● **EXERCISE**
Each record should be given again exactly as it appears, with no image included.

● **Saved data entries**

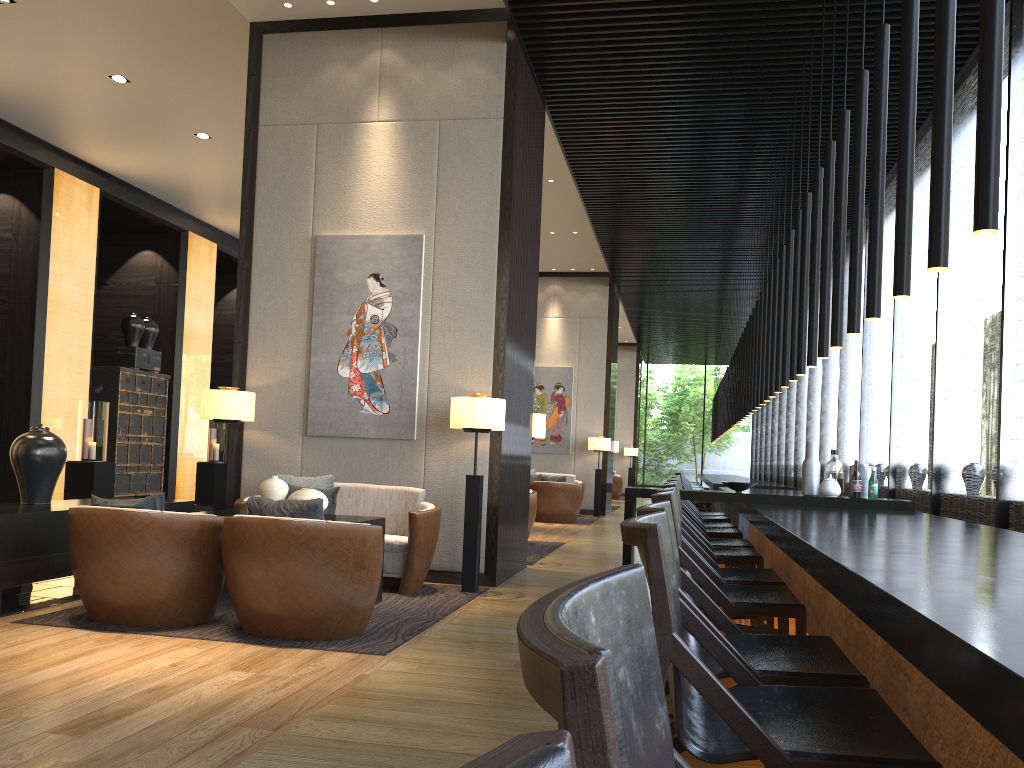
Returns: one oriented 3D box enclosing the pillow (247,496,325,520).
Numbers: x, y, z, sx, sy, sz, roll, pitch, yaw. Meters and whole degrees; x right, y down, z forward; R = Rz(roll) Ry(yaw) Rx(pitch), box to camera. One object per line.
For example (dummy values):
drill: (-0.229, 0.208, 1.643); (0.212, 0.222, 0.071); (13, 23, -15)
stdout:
pillow: (-1.083, 0.717, 4.261); (0.399, 0.361, 0.223); (2, -2, 12)

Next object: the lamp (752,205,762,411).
lamp: (2.819, -0.901, 10.129); (0.060, 2.416, 0.060); (2, -1, 6)

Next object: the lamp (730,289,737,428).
lamp: (3.761, -0.458, 14.977); (0.060, 2.416, 0.060); (3, -2, -24)

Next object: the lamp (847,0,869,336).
lamp: (1.675, -1.440, 4.240); (0.060, 2.416, 0.060); (2, -1, 6)

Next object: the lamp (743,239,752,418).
lamp: (3.111, -0.764, 11.630); (0.060, 2.416, 0.060); (2, -1, 6)

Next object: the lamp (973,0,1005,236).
lamp: (1.317, -1.609, 2.396); (0.060, 2.416, 0.060); (2, -1, 16)

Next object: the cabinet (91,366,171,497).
cabinet: (-5.436, 0.772, 12.472); (0.547, 1.920, 1.190); (2, -2, 11)

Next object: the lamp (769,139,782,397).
lamp: (2.427, -1.086, 8.108); (0.060, 2.416, 0.060); (2, -1, 6)

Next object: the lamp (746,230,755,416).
lamp: (3.014, -0.810, 11.130); (0.060, 2.416, 0.060); (2, -1, 6)

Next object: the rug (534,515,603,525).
rug: (0.366, 2.106, 14.016); (1.957, 0.008, 2.248); (1, -5, 11)

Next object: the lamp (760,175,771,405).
lamp: (2.621, -0.995, 9.109); (0.060, 2.416, 0.060); (2, -1, 6)

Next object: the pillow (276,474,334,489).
pillow: (-1.493, 0.842, 6.312); (0.433, 0.399, 0.201); (3, -2, -11)

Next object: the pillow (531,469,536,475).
pillow: (0.199, 1.639, 15.018); (0.433, 0.399, 0.201); (3, -2, -11)

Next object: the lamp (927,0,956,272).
lamp: (1.403, -1.568, 2.842); (0.060, 2.416, 0.060); (2, -1, 6)

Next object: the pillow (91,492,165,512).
pillow: (-1.926, 0.700, 4.424); (0.441, 0.337, 0.205); (1, -3, 18)

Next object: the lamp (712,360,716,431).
lamp: (5.701, 0.456, 24.964); (0.060, 2.416, 0.060); (2, -1, 16)

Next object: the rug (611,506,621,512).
rug: (1.089, 2.447, 17.741); (2.040, 0.008, 2.248); (1, -5, 11)

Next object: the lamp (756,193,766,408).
lamp: (2.721, -0.948, 9.625); (0.060, 2.416, 0.060); (2, -1, 6)

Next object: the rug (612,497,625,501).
rug: (2.070, 2.909, 22.788); (1.957, 0.008, 2.248); (1, -5, 11)

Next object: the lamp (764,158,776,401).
lamp: (2.524, -1.040, 8.611); (0.060, 2.416, 0.060); (2, -1, 6)

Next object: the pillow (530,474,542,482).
pillow: (0.267, 1.648, 14.846); (0.471, 0.360, 0.220); (2, -2, 8)

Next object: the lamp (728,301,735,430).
lamp: (3.861, -0.411, 15.489); (0.060, 2.416, 0.060); (3, -2, -24)

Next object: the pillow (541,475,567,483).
pillow: (0.608, 1.514, 12.968); (0.399, 0.361, 0.223); (2, -2, 12)

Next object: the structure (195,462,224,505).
structure: (-4.620, 1.540, 13.741); (0.402, 0.657, 0.403); (2, -2, 11)

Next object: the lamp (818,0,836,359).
lamp: (1.855, -1.356, 5.164); (0.060, 2.416, 0.060); (2, -1, 6)

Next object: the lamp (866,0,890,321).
lamp: (1.590, -1.480, 3.803); (0.060, 2.416, 0.060); (2, -1, 6)

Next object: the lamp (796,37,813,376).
lamp: (2.043, -1.267, 6.133); (0.060, 2.416, 0.060); (2, -1, 6)

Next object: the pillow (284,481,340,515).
pillow: (-1.424, 0.851, 6.140); (0.471, 0.360, 0.220); (2, -2, 8)

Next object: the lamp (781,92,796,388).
lamp: (2.230, -1.179, 7.097); (0.060, 2.416, 0.060); (2, -1, 6)

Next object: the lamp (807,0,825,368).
lamp: (1.943, -1.314, 5.621); (0.060, 2.416, 0.060); (2, -1, 6)

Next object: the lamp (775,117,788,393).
lamp: (2.329, -1.132, 7.603); (0.060, 2.416, 0.060); (2, -1, 6)

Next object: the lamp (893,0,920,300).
lamp: (1.495, -1.525, 3.311); (0.060, 2.416, 0.060); (2, -1, 16)

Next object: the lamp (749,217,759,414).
lamp: (2.917, -0.855, 10.632); (0.060, 2.416, 0.060); (2, -1, 6)

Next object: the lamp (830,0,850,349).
lamp: (1.768, -1.397, 4.716); (0.060, 2.416, 0.060); (2, -1, 6)

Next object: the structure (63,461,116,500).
structure: (-5.180, 1.276, 10.859); (0.402, 0.657, 0.403); (2, -2, 11)

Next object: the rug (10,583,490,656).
rug: (-1.325, 1.310, 5.315); (1.957, 0.008, 2.248); (1, -5, 11)

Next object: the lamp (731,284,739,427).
lamp: (3.672, -0.500, 14.520); (0.060, 2.416, 0.060); (3, -2, -24)

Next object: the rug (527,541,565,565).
rug: (-0.615, 1.644, 8.969); (2.040, 0.008, 2.248); (1, -5, 11)

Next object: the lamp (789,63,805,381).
lamp: (2.125, -1.228, 6.556); (0.060, 2.416, 0.060); (2, -1, 6)

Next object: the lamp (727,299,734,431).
lamp: (3.939, -0.374, 15.891); (0.060, 2.416, 0.060); (3, -2, -24)

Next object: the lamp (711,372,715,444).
lamp: (5.800, 0.502, 25.468); (0.060, 2.416, 0.060); (2, -1, 16)

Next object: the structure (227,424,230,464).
structure: (-2.213, 0.836, 7.348); (0.240, 1.216, 0.240); (2, -2, 11)

● **RESULT OF THIS EXERCISE**
Returns: one oriented 3D box enclosing the pillow (247,496,325,520).
Numbers: x, y, z, sx, sy, sz, roll, pitch, yaw. Meters and whole degrees; x right, y down, z forward; R = Rz(roll) Ry(yaw) Rx(pitch), box to camera. One object per line.
For example (dummy values):
drill: (-0.229, 0.208, 1.643); (0.212, 0.222, 0.071); (13, 23, -15)
stdout:
pillow: (-1.083, 0.717, 4.261); (0.399, 0.361, 0.223); (2, -2, 12)

Next object: the lamp (752,205,762,411).
lamp: (2.819, -0.901, 10.129); (0.060, 2.416, 0.060); (2, -1, 6)

Next object: the lamp (730,289,737,428).
lamp: (3.761, -0.458, 14.977); (0.060, 2.416, 0.060); (3, -2, -24)

Next object: the lamp (847,0,869,336).
lamp: (1.675, -1.440, 4.240); (0.060, 2.416, 0.060); (2, -1, 6)

Next object: the lamp (743,239,752,418).
lamp: (3.111, -0.764, 11.630); (0.060, 2.416, 0.060); (2, -1, 6)

Next object: the lamp (973,0,1005,236).
lamp: (1.317, -1.609, 2.396); (0.060, 2.416, 0.060); (2, -1, 16)

Next object: the cabinet (91,366,171,497).
cabinet: (-5.436, 0.772, 12.472); (0.547, 1.920, 1.190); (2, -2, 11)

Next object: the lamp (769,139,782,397).
lamp: (2.427, -1.086, 8.108); (0.060, 2.416, 0.060); (2, -1, 6)

Next object: the lamp (746,230,755,416).
lamp: (3.014, -0.810, 11.130); (0.060, 2.416, 0.060); (2, -1, 6)

Next object: the rug (534,515,603,525).
rug: (0.366, 2.106, 14.016); (1.957, 0.008, 2.248); (1, -5, 11)

Next object: the lamp (760,175,771,405).
lamp: (2.621, -0.995, 9.109); (0.060, 2.416, 0.060); (2, -1, 6)

Next object: the pillow (276,474,334,489).
pillow: (-1.493, 0.842, 6.312); (0.433, 0.399, 0.201); (3, -2, -11)

Next object: the pillow (531,469,536,475).
pillow: (0.199, 1.639, 15.018); (0.433, 0.399, 0.201); (3, -2, -11)

Next object: the lamp (927,0,956,272).
lamp: (1.403, -1.568, 2.842); (0.060, 2.416, 0.060); (2, -1, 6)

Next object: the pillow (91,492,165,512).
pillow: (-1.926, 0.700, 4.424); (0.441, 0.337, 0.205); (1, -3, 18)

Next object: the lamp (712,360,716,431).
lamp: (5.701, 0.456, 24.964); (0.060, 2.416, 0.060); (2, -1, 16)

Next object: the rug (611,506,621,512).
rug: (1.089, 2.447, 17.741); (2.040, 0.008, 2.248); (1, -5, 11)

Next object: the lamp (756,193,766,408).
lamp: (2.721, -0.948, 9.625); (0.060, 2.416, 0.060); (2, -1, 6)

Next object: the rug (612,497,625,501).
rug: (2.070, 2.909, 22.788); (1.957, 0.008, 2.248); (1, -5, 11)

Next object: the lamp (764,158,776,401).
lamp: (2.524, -1.040, 8.611); (0.060, 2.416, 0.060); (2, -1, 6)

Next object: the pillow (530,474,542,482).
pillow: (0.267, 1.648, 14.846); (0.471, 0.360, 0.220); (2, -2, 8)

Next object: the lamp (728,301,735,430).
lamp: (3.861, -0.411, 15.489); (0.060, 2.416, 0.060); (3, -2, -24)

Next object: the pillow (541,475,567,483).
pillow: (0.608, 1.514, 12.968); (0.399, 0.361, 0.223); (2, -2, 12)

Next object: the structure (195,462,224,505).
structure: (-4.620, 1.540, 13.741); (0.402, 0.657, 0.403); (2, -2, 11)

Next object: the lamp (818,0,836,359).
lamp: (1.855, -1.356, 5.164); (0.060, 2.416, 0.060); (2, -1, 6)

Next object: the lamp (866,0,890,321).
lamp: (1.590, -1.480, 3.803); (0.060, 2.416, 0.060); (2, -1, 6)

Next object: the lamp (796,37,813,376).
lamp: (2.043, -1.267, 6.133); (0.060, 2.416, 0.060); (2, -1, 6)

Next object: the pillow (284,481,340,515).
pillow: (-1.424, 0.851, 6.140); (0.471, 0.360, 0.220); (2, -2, 8)

Next object: the lamp (781,92,796,388).
lamp: (2.230, -1.179, 7.097); (0.060, 2.416, 0.060); (2, -1, 6)

Next object: the lamp (807,0,825,368).
lamp: (1.943, -1.314, 5.621); (0.060, 2.416, 0.060); (2, -1, 6)

Next object: the lamp (775,117,788,393).
lamp: (2.329, -1.132, 7.603); (0.060, 2.416, 0.060); (2, -1, 6)

Next object: the lamp (893,0,920,300).
lamp: (1.495, -1.525, 3.311); (0.060, 2.416, 0.060); (2, -1, 16)

Next object: the lamp (749,217,759,414).
lamp: (2.917, -0.855, 10.632); (0.060, 2.416, 0.060); (2, -1, 6)

Next object: the lamp (830,0,850,349).
lamp: (1.768, -1.397, 4.716); (0.060, 2.416, 0.060); (2, -1, 6)

Next object: the structure (63,461,116,500).
structure: (-5.180, 1.276, 10.859); (0.402, 0.657, 0.403); (2, -2, 11)

Next object: the rug (10,583,490,656).
rug: (-1.325, 1.310, 5.315); (1.957, 0.008, 2.248); (1, -5, 11)

Next object: the lamp (731,284,739,427).
lamp: (3.672, -0.500, 14.520); (0.060, 2.416, 0.060); (3, -2, -24)

Next object: the rug (527,541,565,565).
rug: (-0.615, 1.644, 8.969); (2.040, 0.008, 2.248); (1, -5, 11)

Next object: the lamp (789,63,805,381).
lamp: (2.125, -1.228, 6.556); (0.060, 2.416, 0.060); (2, -1, 6)

Next object: the lamp (727,299,734,431).
lamp: (3.939, -0.374, 15.891); (0.060, 2.416, 0.060); (3, -2, -24)

Next object: the lamp (711,372,715,444).
lamp: (5.800, 0.502, 25.468); (0.060, 2.416, 0.060); (2, -1, 16)

Next object: the structure (227,424,230,464).
structure: (-2.213, 0.836, 7.348); (0.240, 1.216, 0.240); (2, -2, 11)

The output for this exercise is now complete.